Splunk Completes Acquisition of Plumbr Learn more

It’s a pleasant case when concurrent cleanup can free up entire regions in Old Generation, but it may not always be the case. After Concurrent Marking has successfully completed, G1 will schedule a mixed collection that will not only get the garbage away from the young regions, but also throw in a bunch of Old regions to the collection set.

A mixed Evacuation pause does not always immediately follow the end of the concurrent marking phase. There is a number of rules and heuristics that affect this. For instance, if it was possible to free up a large portion of the Old regions concurrently, then there is no need to do it.

There may, therefore, easily be a number of fully-young evacuation pauses between the end of concurrent marking and a mixed evacuation pause.

The exact number of Old regions to be added to the collection set, and the order in which they are added, is also selected based on a number of rules. These include the soft real-time performance goals specified for the application, the liveness and gc efficiency data collected during concurrent marking, and a number of configurable JVM options. The process of a mixed collection is largely the same as we have already reviewed earlier for fully-young gc, but this time we will also cover the subject of remembered sets.

Remembered sets are what allows the independent collection of different heap regions. For instance, when collecting region A,B and C, we have to know whether or not there are references to them from regions D and E to determine their liveness. But traversing the whole heap graph would take quite a while and ruin the whole point of incremental collection, therefore an optimization is employed. Much like we have the Card Table for independently collecting Young regions in other GC algorithms, we have Remembered Sets in G1.

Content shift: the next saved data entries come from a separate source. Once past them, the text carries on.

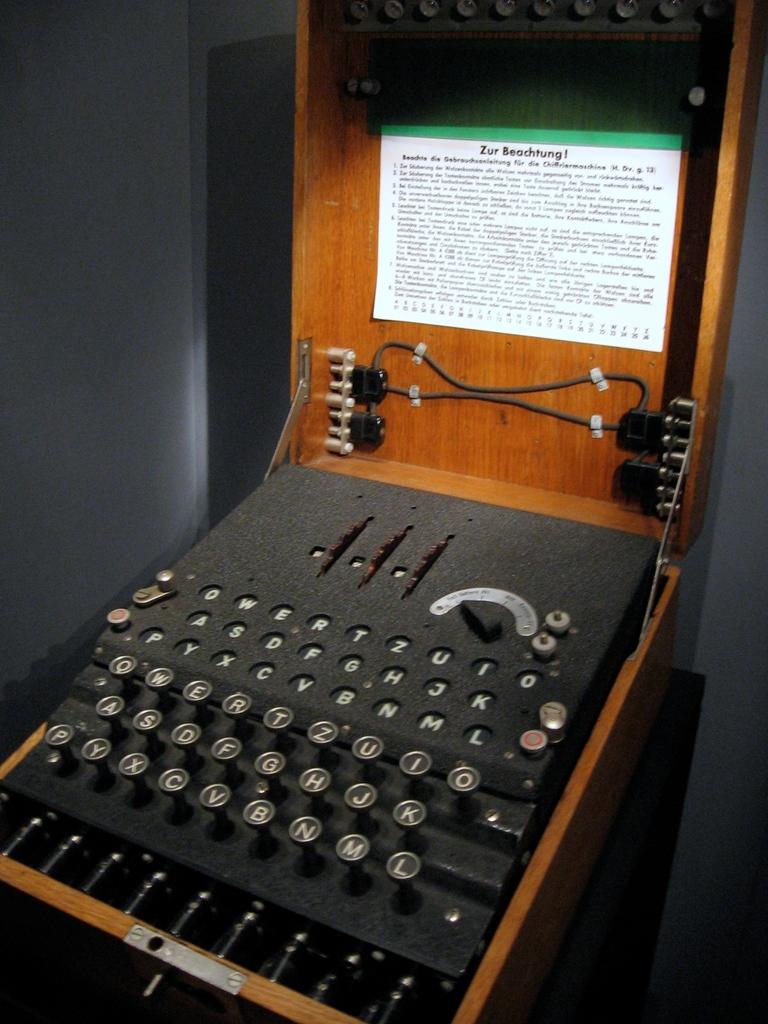What is the first letter on the keyboard?
Give a very brief answer. Q. What is the letter on the bottom left most key?
Give a very brief answer. P. 
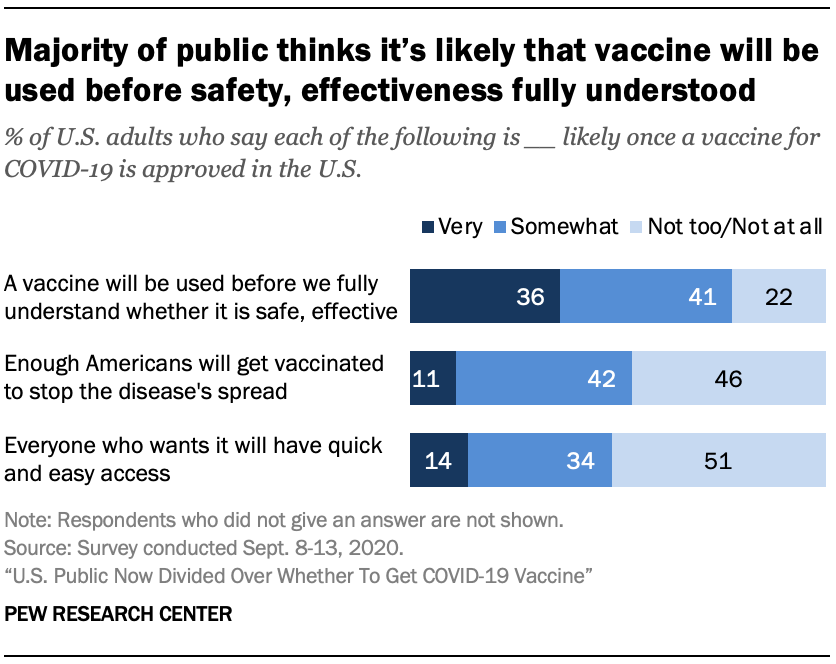Specify some key components in this picture. The use of three different shades of blue to represent the graph is noted. The product of the median and the smallest value of the navy blue bar is 154. 
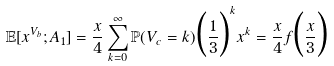<formula> <loc_0><loc_0><loc_500><loc_500>\mathbb { E } [ x ^ { V _ { b } } ; A _ { 1 } ] = \frac { x } { 4 } \sum _ { k = 0 } ^ { \infty } \mathbb { P } ( V _ { c } = k ) \Big { ( } \frac { 1 } { 3 } \Big { ) } ^ { k } x ^ { k } = \frac { x } { 4 } f \Big { ( } \frac { x } { 3 } \Big { ) }</formula> 
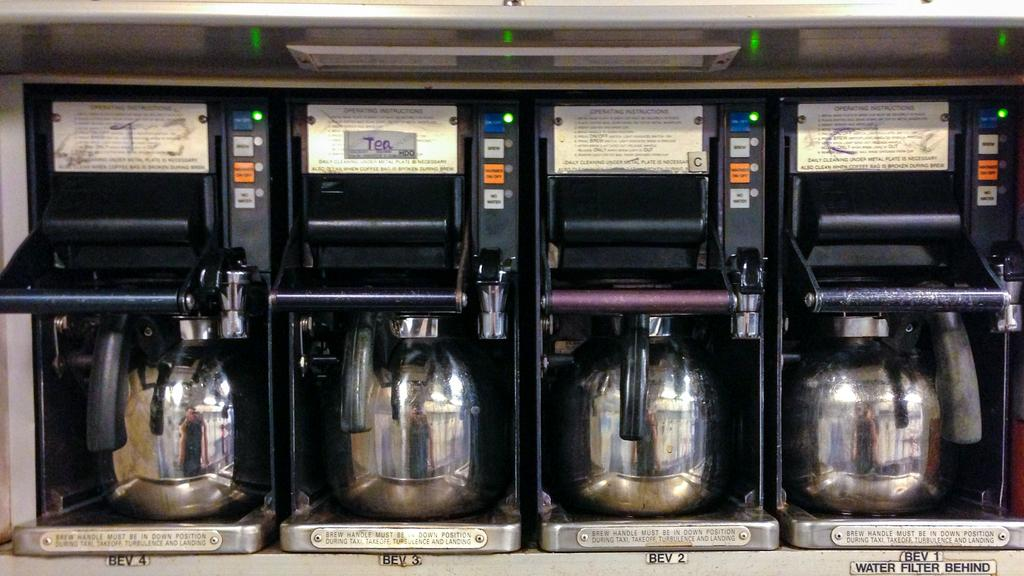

As shown in the illustration below, each region has a remembered set that lists the references pointing to this region from the outside. These references will then be regarded as additional GC roots. Note that objects in Old regions that were determined to be garbage during concurrent marking will be ignored even if there are outside references to them: the referents are also garbage in that case.

Mixed Evacuation Pause: beginning

What happens next is the same as what other collectors do: multiple parallel GC threads figure out what objects are live and which ones are garbage:

Mixed Evacuation Pause: determining live objects

And, finally, the live objects are moved to survivor regions, creating new if necessary. The now empty regions are freed and can be used for storing objects in again.

g1-05-v2

To maintain the remembered sets, during the runtime of the application, a Post-Write Barrier is issued whenever a write to a field is performed. If the resulting reference is cross-region, i.e. pointing from one region to another, a corresponding entry will appear in the Remembered Set of the target region. To reduce the overhead that the Write Barrier introduces, the process of putting the cards into the Remembered Set is asynchronous and features quite a number of optimizations. But basically it boils down to the Write Barrier putting the dirty card information into a local buffer, and a specialized GC thread picking it up and propagating the information to the remembered set of the referred region.

In the mixed mode, the logs publish certain new interesting aspects when compared to the fully young mode:

[Update RS (ms)1: Min: 0.7, Avg: 0.8, Max: 0.9, Diff: 0.2, Sum: 6.1]
[Processed Buffers2: Min: 0, Avg: 2.2, Max: 5, Diff: 5, Sum: 18]
[Scan RS (ms)3: Min: 0.0, Avg: 0.1, Max: 0.2, Diff: 0.2, Sum: 0.8]
[Clear CT: 0.2 ms]4
[Redirty Cards: 0.1 ms]5

  1. [Update RS (ms) – Since the Remembered Sets are processed concurrently, we have to make sure that the still-buffered cards are processed before the actual collection begins. If this number is high, then the concurrent GC threads are unable to handle the load. It may be, e.g., because of an overwhelming number of incoming field modifications, or insufficient CPU resources.
  2. [Processed Buffers – How many local buffers each worker thread has processed.
  3. [Scan RS (ms) – How long it took to scan the references coming in from remembered sets.
  4. [Clear CT: 0.2 ms] – Time to clean the cards in the card table. Cleaning simply removes the “dirty” status that was put there to signify that a field was updated, to be used for Remembered Sets.
  5. [Redirty Cards: 0.1 ms] – The time it takes to mark the appropriate locations in the card table as dirty. Appropriate locations are defined by the mutations to the heap that GC does itself, e.g. while enqueuing references.